I can't wait to come back here down the road and read all the "I'm going to be THIS type of parent" ish and chuckle.
LOLz. My biggest thing was I hated Disney Princess crap. That licensed/commercialized pink and poofy- gross! Yeah, nothing makes my girls happier than a Cinderella tee shirt or an Elsa&Anna blanket. Their bedroom is decorated in Disney Princess. Literally, that's the "theme". 6 years ago me is screaming in deep pain and shame.

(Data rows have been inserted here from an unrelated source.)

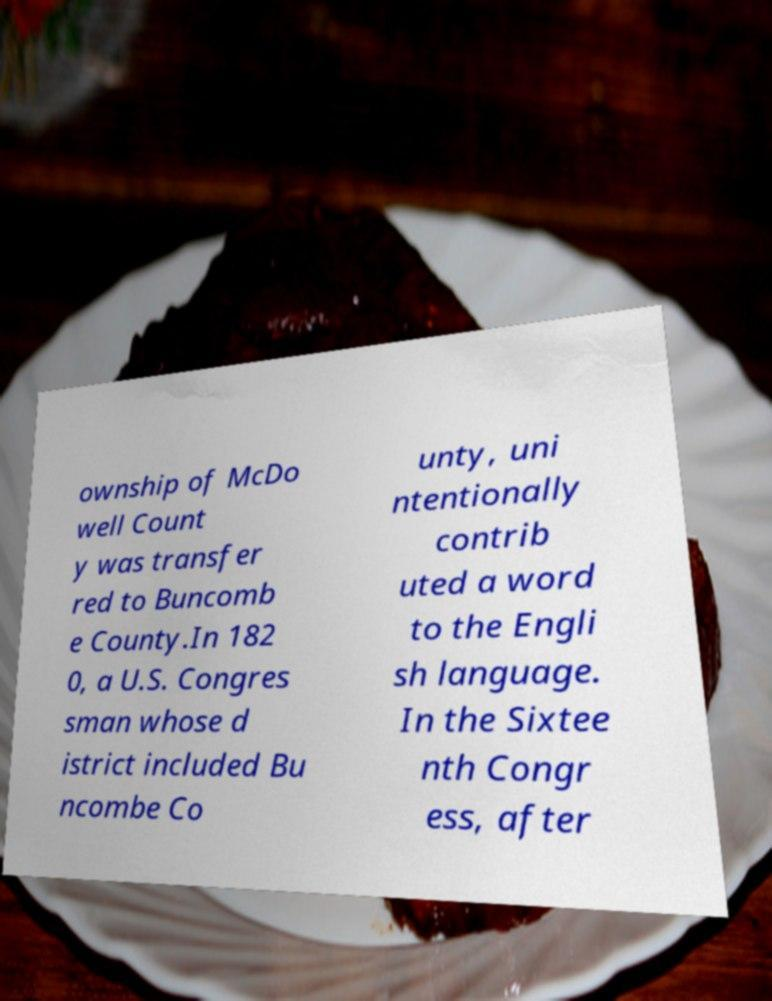Could you assist in decoding the text presented in this image and type it out clearly? ownship of McDo well Count y was transfer red to Buncomb e County.In 182 0, a U.S. Congres sman whose d istrict included Bu ncombe Co unty, uni ntentionally contrib uted a word to the Engli sh language. In the Sixtee nth Congr ess, after 
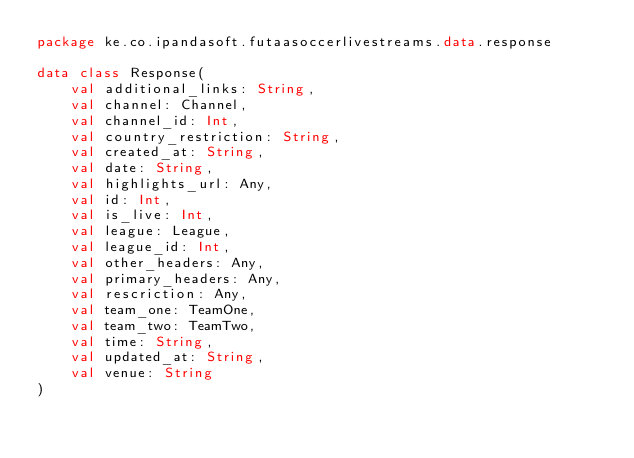Convert code to text. <code><loc_0><loc_0><loc_500><loc_500><_Kotlin_>package ke.co.ipandasoft.futaasoccerlivestreams.data.response

data class Response(
    val additional_links: String,
    val channel: Channel,
    val channel_id: Int,
    val country_restriction: String,
    val created_at: String,
    val date: String,
    val highlights_url: Any,
    val id: Int,
    val is_live: Int,
    val league: League,
    val league_id: Int,
    val other_headers: Any,
    val primary_headers: Any,
    val rescriction: Any,
    val team_one: TeamOne,
    val team_two: TeamTwo,
    val time: String,
    val updated_at: String,
    val venue: String
)</code> 
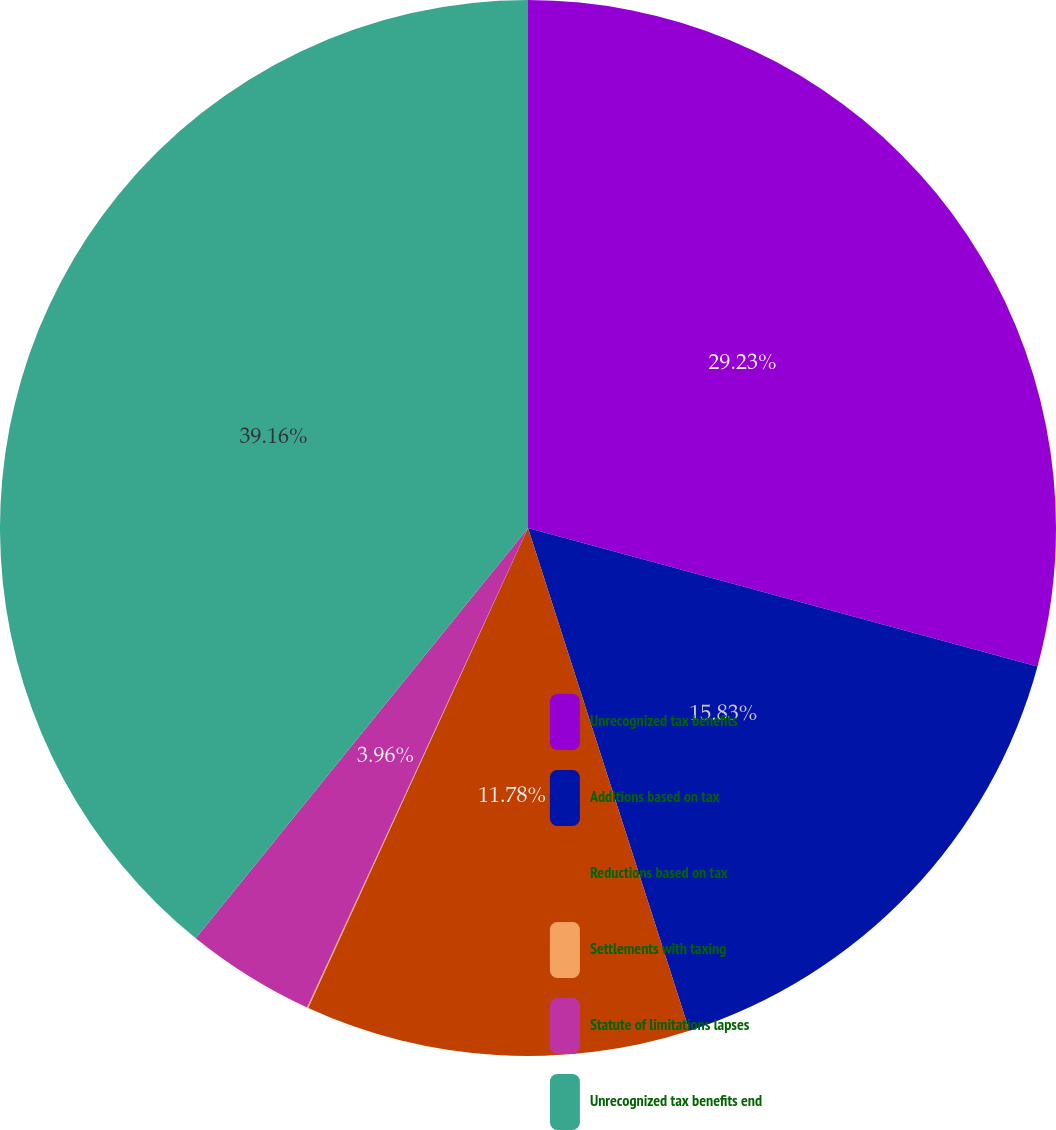Convert chart to OTSL. <chart><loc_0><loc_0><loc_500><loc_500><pie_chart><fcel>Unrecognized tax benefits<fcel>Additions based on tax<fcel>Reductions based on tax<fcel>Settlements with taxing<fcel>Statute of limitations lapses<fcel>Unrecognized tax benefits end<nl><fcel>29.23%<fcel>15.83%<fcel>11.78%<fcel>0.04%<fcel>3.96%<fcel>39.17%<nl></chart> 
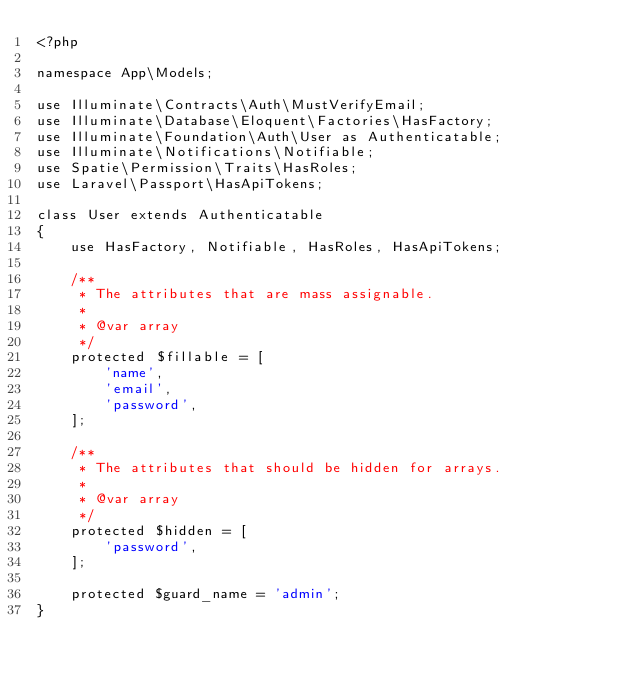Convert code to text. <code><loc_0><loc_0><loc_500><loc_500><_PHP_><?php

namespace App\Models;

use Illuminate\Contracts\Auth\MustVerifyEmail;
use Illuminate\Database\Eloquent\Factories\HasFactory;
use Illuminate\Foundation\Auth\User as Authenticatable;
use Illuminate\Notifications\Notifiable;
use Spatie\Permission\Traits\HasRoles;
use Laravel\Passport\HasApiTokens;

class User extends Authenticatable
{
    use HasFactory, Notifiable, HasRoles, HasApiTokens;

    /**
     * The attributes that are mass assignable.
     *
     * @var array
     */
    protected $fillable = [
        'name',
        'email',
        'password',
    ];

    /**
     * The attributes that should be hidden for arrays.
     *
     * @var array
     */
    protected $hidden = [
        'password',
    ];

    protected $guard_name = 'admin';
}
</code> 
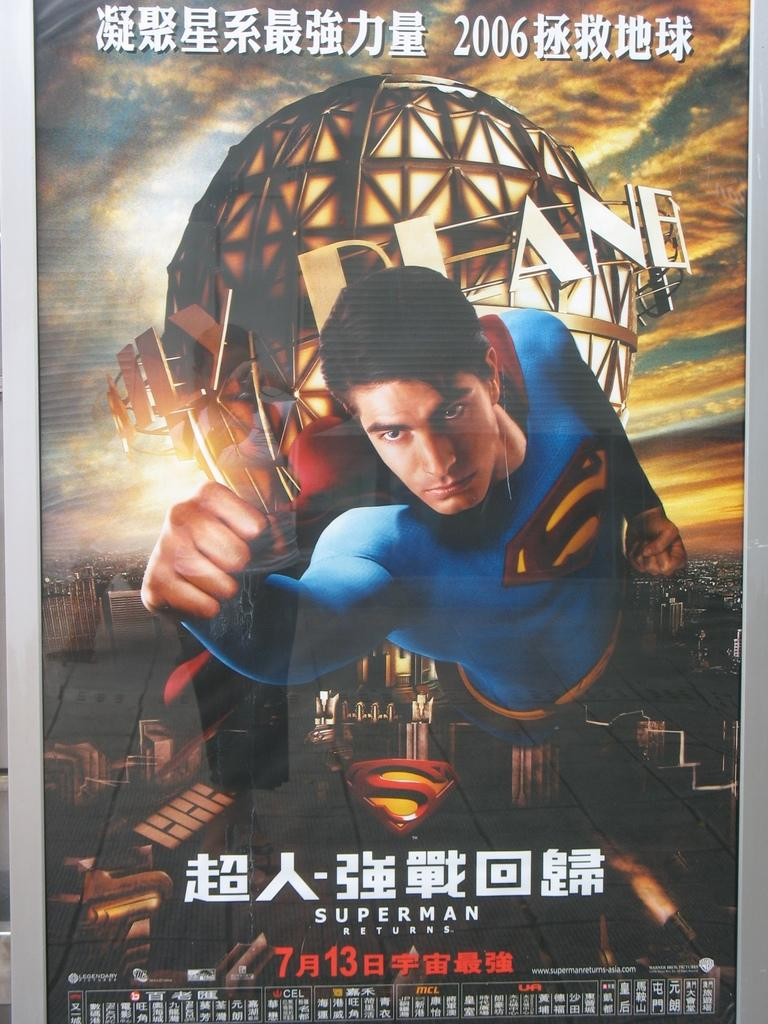<image>
Give a short and clear explanation of the subsequent image. A foreign language poster for the 2006 movie Superman Returns. 
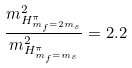<formula> <loc_0><loc_0><loc_500><loc_500>\frac { m ^ { 2 } _ { H ^ { \pi } _ { m _ { f } = 2 m _ { s } } } } { m ^ { 2 } _ { H ^ { \pi } _ { m _ { f } = m _ { s } } } } = 2 . 2</formula> 
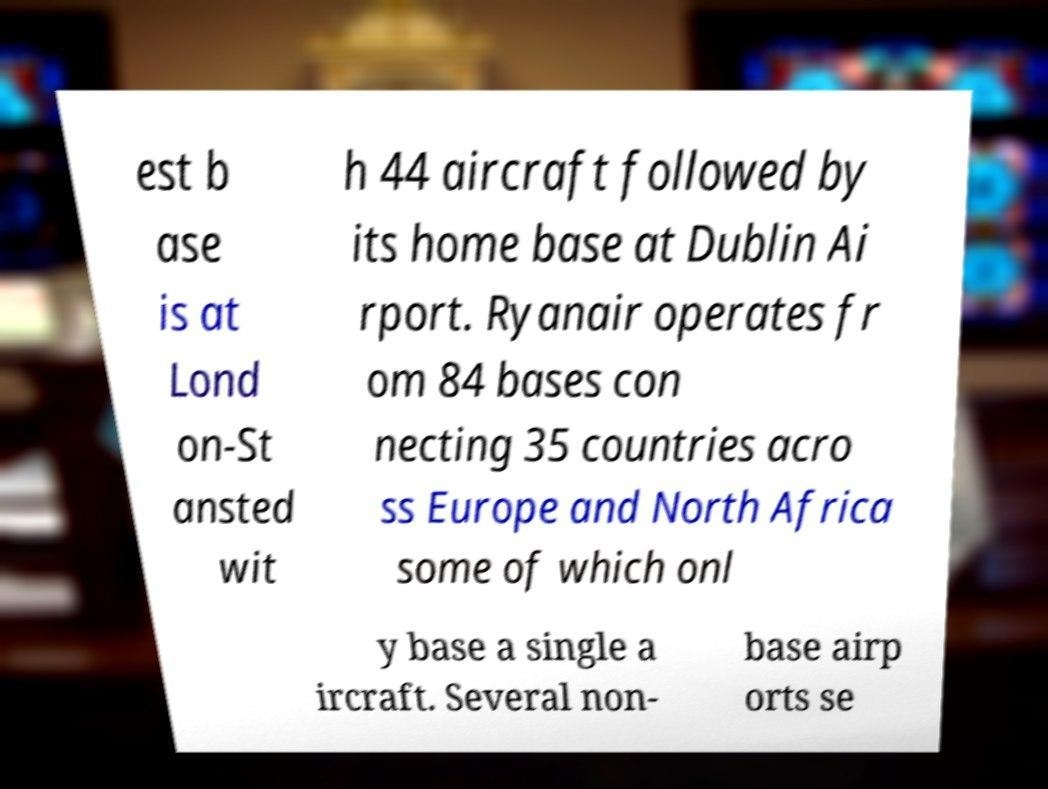Could you extract and type out the text from this image? est b ase is at Lond on-St ansted wit h 44 aircraft followed by its home base at Dublin Ai rport. Ryanair operates fr om 84 bases con necting 35 countries acro ss Europe and North Africa some of which onl y base a single a ircraft. Several non- base airp orts se

DD1- Aug11 Angel Baby- June13, said goodbye Oct12 DD2- Aug13 DD3- due Feb17
@Spicyweiner i am sure there are many many things that I will cave on or change my mind about once parenting is actually here.
but it there's some stuff that is just completely against what i believe/my values. i hope those don't change. although they might. we shall see. i am sure it's about to be an insane ride.
So much will change, and you won't even realize it until one day you are in her room surrounded by pink shit, with an IKEA bed she picked, and more toys than you know where to put. What?? No, I'm not talking about me.......
@peachesnbean OMG! that would be my worst nightmare also. LOL.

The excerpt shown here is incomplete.